The Vegas Room was the Little Supper Club That Could in the second half of 2020, the rare space offering live entertainment for restricted-capacity audiences during the first year of the pandemic.

In 2021, owners Tom Michel and David Robinson expanded their operation in historic Commercial Center by taking over a vacated Mexican restaurant and opening the Nevada Room, containing a piano bar and bistro space and a larger showroom that could accommodate big bands and other acts.

After some strategic changes, things are once again in full swing in 2022. The original space has been shuttered, and the piano bar space has been renovated, becoming the new Vegas Room, which debuted on March 12. It maintains the intimate listening-room and supper-club vibes of the previous incarnation, while adding some cool local history: This is the space where the Commercial Deli— a Rat Pack haunt in the 1960s—once stood.

Country Captain’s Chicken Over Carolina Rice

“The Las Vegas Country Club is right there on the other side of Karen Avenue, so when they came off the golf course and Frank [Sinatra] wanted New York deli, this is where they would come,” says Robinson, also the chef at the Vegas and Nevada Rooms. “We love that pedigree. Debbie Reynolds and Eddie Fisher used to eat pastrami here.”

Old-Vegas vibes are also evident in the thriving Nevada Room, which holds about 100 people for shows like Kelly Clinton’s residency and comedy legend Pete Barbutti’s accordian-aided performance Wednesdays through Fridays. Plenty of locals have become repeat visitors over the past year, enjoying refined, scratch-made fare like beef bourguignon or puff pastry-topped chicken pot pie with a cocktail or two and a night of memorable music.

“Since these rooms opened, we’ve had over 300 local performers on these stages,” Michel says. “The two things that hit the sweet spot are … being able to provide this kind of resource for local performers who we know are so talented, and, as a city, we are far more than a service industry for the Strip.

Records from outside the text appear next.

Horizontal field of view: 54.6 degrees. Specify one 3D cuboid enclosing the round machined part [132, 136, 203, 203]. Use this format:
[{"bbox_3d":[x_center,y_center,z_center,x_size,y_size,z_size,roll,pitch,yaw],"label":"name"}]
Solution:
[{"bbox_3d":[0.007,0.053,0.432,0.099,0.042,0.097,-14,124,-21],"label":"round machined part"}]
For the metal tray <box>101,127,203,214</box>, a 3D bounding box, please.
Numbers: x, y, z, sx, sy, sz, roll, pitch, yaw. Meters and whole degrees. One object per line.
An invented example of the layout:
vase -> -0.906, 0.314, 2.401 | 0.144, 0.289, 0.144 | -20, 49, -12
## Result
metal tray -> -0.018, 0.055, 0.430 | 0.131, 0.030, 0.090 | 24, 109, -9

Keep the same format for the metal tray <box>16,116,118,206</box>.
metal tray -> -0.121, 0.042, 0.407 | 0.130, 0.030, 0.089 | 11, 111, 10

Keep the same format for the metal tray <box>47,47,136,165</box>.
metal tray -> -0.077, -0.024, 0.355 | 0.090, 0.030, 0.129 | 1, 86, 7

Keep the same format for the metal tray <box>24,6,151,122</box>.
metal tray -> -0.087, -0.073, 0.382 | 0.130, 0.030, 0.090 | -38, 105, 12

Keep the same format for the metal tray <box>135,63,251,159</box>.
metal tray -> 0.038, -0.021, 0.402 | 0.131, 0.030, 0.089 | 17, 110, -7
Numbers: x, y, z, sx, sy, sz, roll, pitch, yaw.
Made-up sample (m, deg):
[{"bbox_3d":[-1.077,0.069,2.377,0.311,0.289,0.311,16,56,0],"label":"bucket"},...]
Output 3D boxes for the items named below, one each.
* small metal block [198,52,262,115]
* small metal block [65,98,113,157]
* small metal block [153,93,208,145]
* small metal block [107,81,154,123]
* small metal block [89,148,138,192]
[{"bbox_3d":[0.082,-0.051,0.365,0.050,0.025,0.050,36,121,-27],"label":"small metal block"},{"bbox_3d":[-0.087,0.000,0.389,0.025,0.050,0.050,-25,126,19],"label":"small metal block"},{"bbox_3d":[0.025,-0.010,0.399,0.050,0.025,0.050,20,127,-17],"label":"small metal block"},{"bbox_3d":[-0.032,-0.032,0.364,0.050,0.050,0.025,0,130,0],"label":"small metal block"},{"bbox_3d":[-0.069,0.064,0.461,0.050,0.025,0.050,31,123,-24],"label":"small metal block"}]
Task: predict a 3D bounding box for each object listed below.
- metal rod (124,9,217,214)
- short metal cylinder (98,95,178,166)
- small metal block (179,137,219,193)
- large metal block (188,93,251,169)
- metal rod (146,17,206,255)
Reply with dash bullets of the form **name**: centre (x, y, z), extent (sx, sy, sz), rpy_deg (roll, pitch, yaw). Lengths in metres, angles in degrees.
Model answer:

“We love the Strip, but there are also a lot of locals who deserve their own place, where they can come and have great food, great entertainment and great drinks with a thousand free parking spaces and not break the bank.”

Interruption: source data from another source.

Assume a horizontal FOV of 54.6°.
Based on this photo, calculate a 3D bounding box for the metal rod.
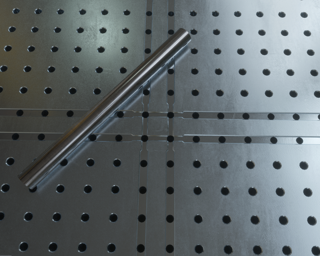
[{"bbox_3d":[-0.065,-0.035,0.424,0.025,0.025,0.301,41,75,13],"label":"metal rod"}]
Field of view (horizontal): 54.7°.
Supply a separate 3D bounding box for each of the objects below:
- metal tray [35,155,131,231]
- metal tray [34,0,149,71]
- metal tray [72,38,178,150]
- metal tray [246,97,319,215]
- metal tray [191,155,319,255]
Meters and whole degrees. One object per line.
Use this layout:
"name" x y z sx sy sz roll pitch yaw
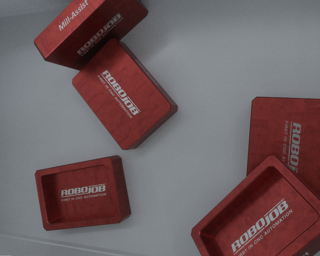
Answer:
"metal tray" -0.113 0.094 0.447 0.130 0.030 0.090 -12 86 19
"metal tray" -0.087 -0.133 0.406 0.130 0.090 0.030 -37 78 16
"metal tray" -0.050 -0.046 0.426 0.090 0.030 0.130 -42 77 15
"metal tray" 0.149 0.031 0.355 0.090 0.030 0.129 4 91 19
"metal tray" 0.100 0.102 0.314 0.130 0.030 0.090 -48 38 13
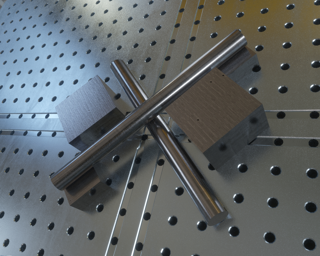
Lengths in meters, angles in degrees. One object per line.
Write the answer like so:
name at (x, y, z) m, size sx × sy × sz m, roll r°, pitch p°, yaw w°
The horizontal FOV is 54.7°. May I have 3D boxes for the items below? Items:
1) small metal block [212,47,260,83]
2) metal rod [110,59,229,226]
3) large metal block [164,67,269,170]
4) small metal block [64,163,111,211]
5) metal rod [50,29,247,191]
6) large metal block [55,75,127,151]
small metal block at (0.095, -0.088, 0.413) m, size 0.050 × 0.025 × 0.050 m, roll -38°, pitch 51°, yaw 3°
metal rod at (-0.005, -0.004, 0.412) m, size 0.025 × 0.025 × 0.300 m, roll -37°, pitch 51°, yaw 4°
large metal block at (0.066, -0.012, 0.365) m, size 0.080 × 0.050 × 0.080 m, roll -40°, pitch 51°, yaw 1°
small metal block at (-0.101, 0.073, 0.417) m, size 0.050 × 0.025 × 0.050 m, roll -39°, pitch 51°, yaw 2°
metal rod at (-0.015, -0.022, 0.397) m, size 0.300 × 0.025 × 0.025 m, roll -38°, pitch 51°, yaw 2°
large metal block at (-0.097, -0.018, 0.454) m, size 0.080 × 0.050 × 0.080 m, roll -37°, pitch 51°, yaw 3°
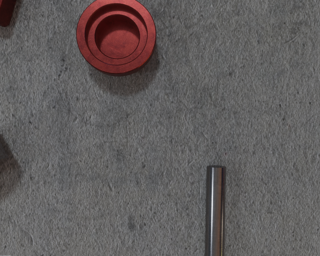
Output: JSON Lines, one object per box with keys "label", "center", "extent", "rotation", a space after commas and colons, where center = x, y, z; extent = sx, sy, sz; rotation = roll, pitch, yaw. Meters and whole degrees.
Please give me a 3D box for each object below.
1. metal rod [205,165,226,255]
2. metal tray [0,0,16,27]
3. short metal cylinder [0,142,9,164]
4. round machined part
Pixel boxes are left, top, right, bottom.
{"label": "metal rod", "center": [0.072, 0.200, 0.411], "extent": [0.025, 0.025, 0.298], "rotation": [1, 90, -1]}
{"label": "metal tray", "center": [-0.230, -0.209, 0.404], "extent": [0.090, 0.030, 0.129], "rotation": [16, 90, -1]}
{"label": "short metal cylinder", "center": [-0.237, 0.034, 0.379], "extent": [0.080, 0.080, 0.050], "rotation": [-29, 90, 0]}
{"label": "round machined part", "center": [-0.054, -0.115, 0.401], "extent": [0.099, 0.042, 0.097], "rotation": [0, 90, -1]}
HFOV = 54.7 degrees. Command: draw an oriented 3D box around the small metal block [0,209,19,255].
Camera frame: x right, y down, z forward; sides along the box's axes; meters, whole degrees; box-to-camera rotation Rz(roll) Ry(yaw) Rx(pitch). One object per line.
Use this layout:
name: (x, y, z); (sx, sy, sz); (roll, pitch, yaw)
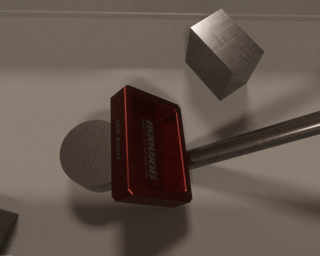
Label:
small metal block: (-0.205, 0.118, 0.364); (0.050, 0.025, 0.050); (15, 71, 5)

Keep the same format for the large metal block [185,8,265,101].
large metal block: (0.082, -0.095, 0.416); (0.050, 0.080, 0.080); (-35, 74, -12)

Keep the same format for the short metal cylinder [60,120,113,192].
short metal cylinder: (-0.076, 0.036, 0.382); (0.081, 0.050, 0.080); (0, 70, 0)

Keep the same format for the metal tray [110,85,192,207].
metal tray: (-0.011, 0.022, 0.362); (0.091, 0.030, 0.130); (18, 55, -38)

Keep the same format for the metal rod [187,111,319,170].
metal rod: (0.163, -0.002, 0.345); (0.300, 0.025, 0.025); (-19, 69, 20)
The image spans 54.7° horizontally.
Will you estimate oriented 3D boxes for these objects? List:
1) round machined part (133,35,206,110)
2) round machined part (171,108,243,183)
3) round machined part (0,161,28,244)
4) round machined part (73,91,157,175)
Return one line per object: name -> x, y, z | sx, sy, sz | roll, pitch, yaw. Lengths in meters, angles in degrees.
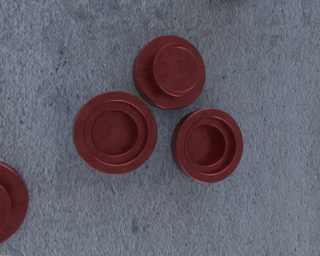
round machined part -> 0.017, -0.073, 0.406 | 0.099, 0.042, 0.097 | 0, 90, -20
round machined part -> 0.060, 0.023, 0.422 | 0.099, 0.042, 0.097 | 0, 90, -20
round machined part -> -0.194, 0.083, 0.329 | 0.099, 0.042, 0.097 | 0, 90, -20
round machined part -> -0.056, 0.005, 0.379 | 0.099, 0.042, 0.097 | 0, 90, -20
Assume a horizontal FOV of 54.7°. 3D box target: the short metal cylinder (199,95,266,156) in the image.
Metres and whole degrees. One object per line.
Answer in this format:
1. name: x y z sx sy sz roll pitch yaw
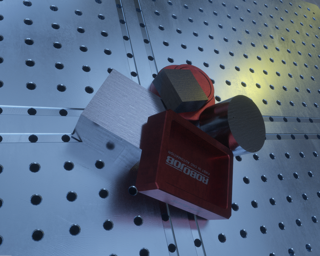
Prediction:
1. short metal cylinder: 0.102 -0.001 0.433 0.081 0.050 0.080 13 68 -36

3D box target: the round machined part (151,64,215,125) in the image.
1. round machined part: 0.039 -0.054 0.451 0.099 0.042 0.098 14 56 -21

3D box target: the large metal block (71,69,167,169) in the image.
1. large metal block: -0.046 -0.011 0.374 0.080 0.050 0.080 31 52 -8

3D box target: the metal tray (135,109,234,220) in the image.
1. metal tray: 0.036 0.047 0.359 0.130 0.030 0.090 31 55 -37

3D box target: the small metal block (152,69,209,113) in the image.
1. small metal block: 0.026 -0.047 0.391 0.050 0.025 0.050 -9 63 -44
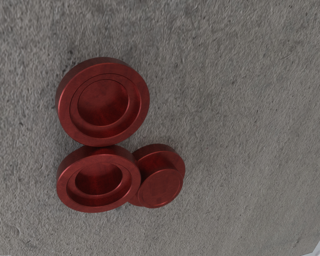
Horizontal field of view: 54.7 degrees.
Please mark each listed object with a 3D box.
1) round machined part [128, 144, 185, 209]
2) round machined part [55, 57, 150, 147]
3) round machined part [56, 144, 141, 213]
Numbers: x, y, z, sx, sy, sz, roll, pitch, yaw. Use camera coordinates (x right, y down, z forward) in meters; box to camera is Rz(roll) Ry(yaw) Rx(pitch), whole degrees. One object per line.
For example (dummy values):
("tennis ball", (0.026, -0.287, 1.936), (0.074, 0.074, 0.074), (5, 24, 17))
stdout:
("round machined part", (-0.007, 0.074, 0.438), (0.099, 0.042, 0.097), (-14, 124, -21))
("round machined part", (-0.064, -0.031, 0.341), (0.099, 0.042, 0.097), (-14, 124, -21))
("round machined part", (-0.076, 0.056, 0.381), (0.099, 0.042, 0.097), (-9, 128, -12))

Indeed, the cost of parking at a Strip casino on a big-event night could eclipse the price of dinner at the Nevada Room, which offers a la carte options and pre-fixe meals in the $35-$40 range per person. The venue has been recently relicensed as a theater, so it can sell tickets instead of charging one price for dinner and show (the Vegas Room is undergoing that process as well), and ticket prices typically run $20-$35.

The upcoming calendar spotlights the versatile programming at both spaces, with Clinton’s show taking over on St. Patrick’s Day (March 17) with musical director Mike Clark and their band. Chicago R&B group The Next Movement continues its new monthly residency in the Nevada Room on March 18 (that acclaimed act also has plans for two special 50th anniversary shows, featuring all five original members, on April 22 and 23). Then Patty Powers, who has performed with Barbra Streisand and Aretha Franklin, sings accompanied by David Marinelli on March 19 in the Vegas Room. And veteran comedian Frankie Pace, who got his nickname “The Lovable Madman” from Joan Rivers, performs in the Nevada Room on March 23.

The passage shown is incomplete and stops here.